PRIVATE RENTED HOUSING You have been in the Assembly since 1999 and so you are obviously aware of the problems experienced by many of our seaside resorts since the demise of so-called bucket and spade holidays. Buildings formerly used for holiday accommodation have been converted to flats for which tenants have invariably been found with the help of local authorities, probation services, charities and other agencies over the border. This accounts for the problems experienced by Rhyl and similar towns. And explains why Rhyl West electoral ward now qualifies as the most deprived ward in Wales. Which in turn explains why so much of an already stretched Welsh budget has to be directed to solving problems directly attributable to this unnecessary and surely? undesirable influx. So the question has to be, why is Wales paying money it can ill-afford to deal with problems certainly along the north coast largely imported from England? More importantly, what plans do you have to deal with this problem?

THE RURAL HOUSING CRISIS Another problem of which you must be aware is the inability of many Welsh people, especially in rural and coastal areas, to buy a home, even with both partners working. This is due to the combination of low wages locally coupled with property prices inflated by an external demand. The result is not simply a matter of property ownership; for this phenomenon leads to communities and areas losing their character and their cultural identity. Another feature is the deteriorating demographic profile. Rural areas are losing too many of their young people, often replaced by retirees who exacerbate the worsening indigenous age profile. Your colleague, Jane Hutt, was recently reported as saying that this influx of elderly people somehow proved how wonderful Wales is! Yet Ms. Hutt is the Finance Minister, so she must be aware of the economic and other problems facing all Western countries due to falling birth-rates and an ageing population. That being so, what possessed her to proclaim that an already ageing indigenous population being augmented by elderly people from outside Wales is a good thing! So what plans does your Government have to help local people into the private housing sector in those areas where, currently, too many are priced out of their local market?

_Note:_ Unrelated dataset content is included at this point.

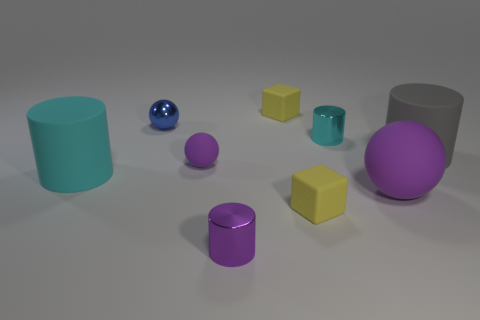Subtract all rubber balls. How many balls are left? 1 Subtract all brown cubes. How many purple balls are left? 2 Subtract all gray cylinders. How many cylinders are left? 3 Subtract 2 cylinders. How many cylinders are left? 2 Subtract 0 yellow cylinders. How many objects are left? 9 Subtract all cylinders. How many objects are left? 5 Subtract all green cylinders. Subtract all green balls. How many cylinders are left? 4 Subtract all green metal blocks. Subtract all metallic cylinders. How many objects are left? 7 Add 4 purple matte spheres. How many purple matte spheres are left? 6 Add 7 small cyan rubber cylinders. How many small cyan rubber cylinders exist? 7 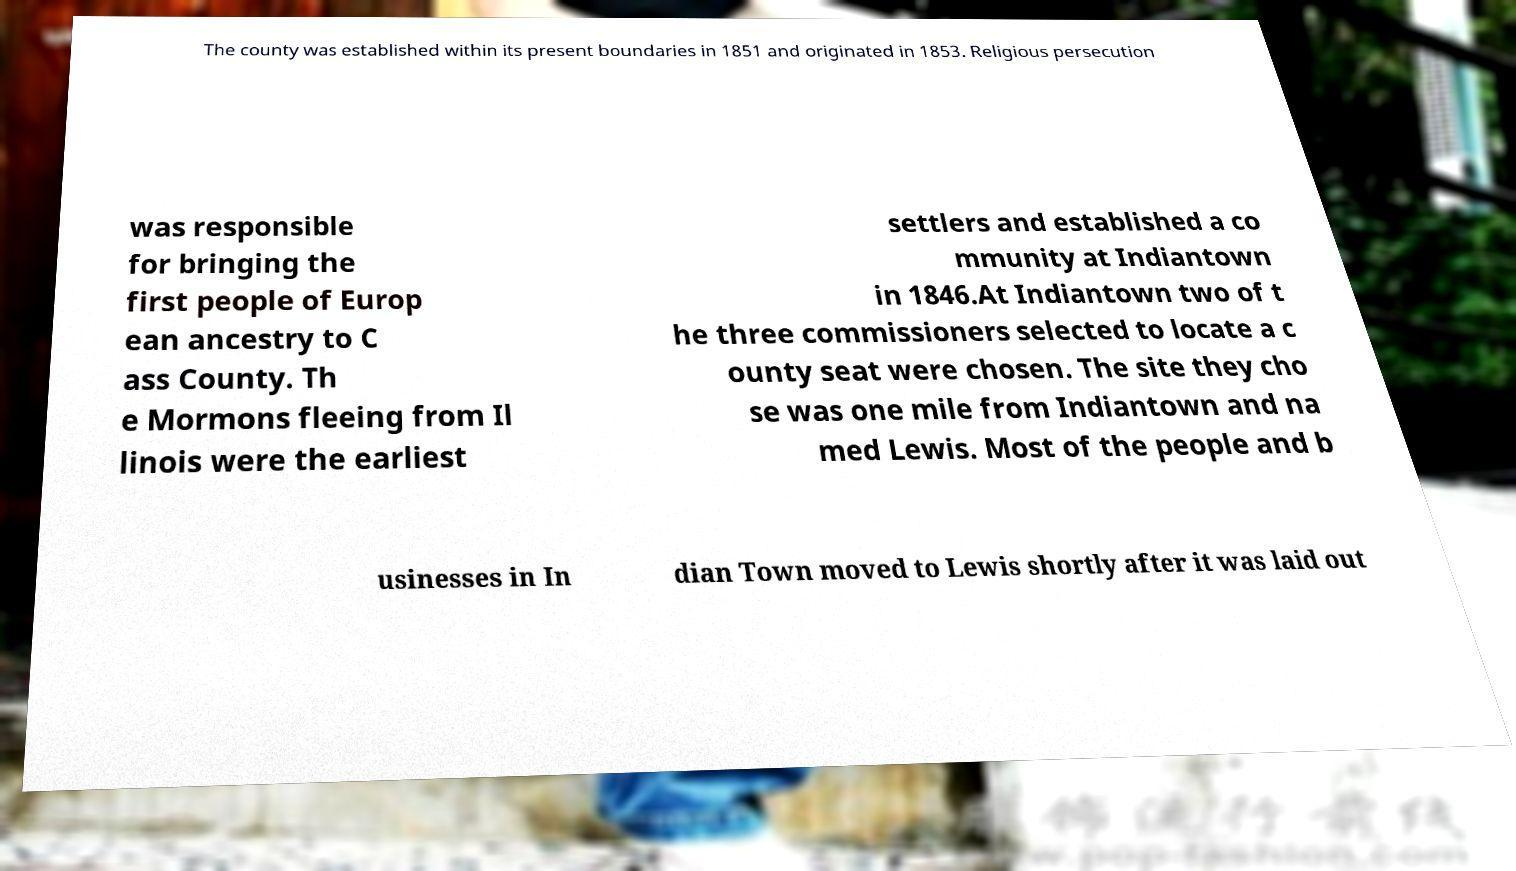Can you accurately transcribe the text from the provided image for me? The county was established within its present boundaries in 1851 and originated in 1853. Religious persecution was responsible for bringing the first people of Europ ean ancestry to C ass County. Th e Mormons fleeing from Il linois were the earliest settlers and established a co mmunity at Indiantown in 1846.At Indiantown two of t he three commissioners selected to locate a c ounty seat were chosen. The site they cho se was one mile from Indiantown and na med Lewis. Most of the people and b usinesses in In dian Town moved to Lewis shortly after it was laid out

CONCLUSION To sum up, there is a growing belief that, in many parts of Wales, all forms of housing provision are unrelated to the needs of Welsh people: even dismissive of, or openly hostile towards, those needs. Looking at the fuller picture, and taking into account other features I have chosen not to include such as the West Cheshire plan more and more people suspect that housing strategies in Wales have little to do with meeting Welsh needs at all and more to do with serving a secret and ugly agenda. This may have been understandable in the constitutional arrangement that existed before devolution, but now that we have a Welsh Government, and with that Government having powers over housing, it is no longer acceptable. Many people are growing frustrated because nothing seems to have changed from those pre-devolution days. For it should be axiomatic that a Welsh Government serves the needs and interests of Welsh people. If it does not, then for what purpose does it exist? And when as in housing there are clearly many areas of the country in which Welsh people are being disadvantaged and Welsh communities damaged, then it becomes the duty of that Welsh Government to introduce legislation to remedy these problems. I, and many others, Mr. Lewis, look forward to your response.